The third step includes, from the above two equations, we can see that:

θ + θ₁ + x = x + θ₂ = 180 

Now, if we subtract x from each sides we receive:

θ + θ₁ + x – x = x + θ₂ – x 

 you will receive,

θ + θ₁ = θ₂

The fourth step is to subtract the angle θ₁ from each side, then.

θ + θ₁ – θ₁ = θ₂ – θ₁

you will receive,

θ = θ₂ – θ₁

Finally, if we apply the tangents result on both the ends: 

tan θ = tan ( θ₂ – θ₁)

Now, if we use the result of the formula of the tangent, you will receive:

tan θ = tan θ₂ – tan θ₁/1+tan θ₁tanθ₂

Then from the above formula of the line inclination, we can get the angle. 

tan θ = m

Therefore one can substitute the result i.e.,tan θ₂ = m₂ and tan θ₁ = m₁ we will receive,

tan Ɵ= |(m₂ – m₁)/(1+m₁m₂)

Two Dimensions- Angle Between Two Lines formula will quickly sum up your given problem.

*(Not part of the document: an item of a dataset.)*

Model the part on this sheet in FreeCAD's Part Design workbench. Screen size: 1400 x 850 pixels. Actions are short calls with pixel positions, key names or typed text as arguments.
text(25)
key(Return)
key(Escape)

The angle between Two Lines in 3D

In the 3D space, straight lines are represented in two forms: Cartesian form and vector form.

Given below is the method of Cartesian Form:

L1: (x – x1) / a1 = (y – y1) / b1 = (z – z1) / c1

L2: (x – x2) / a2 = (y – y2) / b2 = (z – z2) / c2

Here L1 & L2 represent the two straight lines that are passing through the points (x1, y1, z1) and (x2, y2, z2) respectively in three-dimensional space in Cartesian Form. 

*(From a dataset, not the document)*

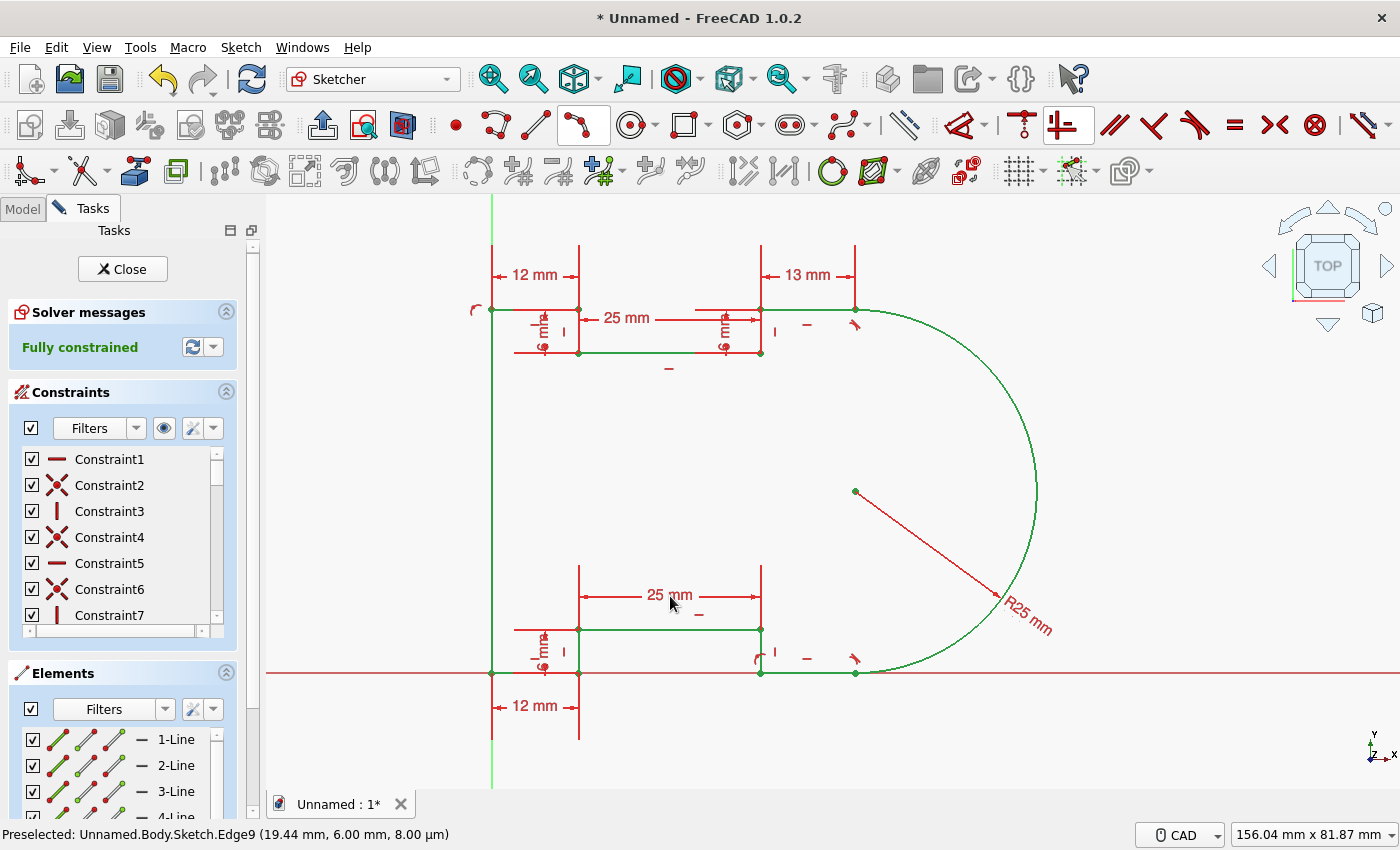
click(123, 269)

Direction ratios of line L1 are a1, b1, c1then a vector parallel to L1 is 

L1 = a1 i + b1 j + c1k

Direction ratios of line L2 are a2, b2, c2, then a vector parallel to L2 is 

L2 = a2i + b2 j + c2k

Then the angle ∅ between L1 and L2 is given by:

∅ = cos-1{(1 . 2) / (|L1| × |L2|)}

Conclusion

So, the process of derivation and its formula will help you find Two Dimensions-Angle Between Two Lines. There are always alternatives to the solution, so it depends on your understanding of the problem and the best solution you can put into finding it. 

The article has explained how one can calculate the angle between two lines in a two and three-dimensional space. It will help you have proper knowledge on the subject.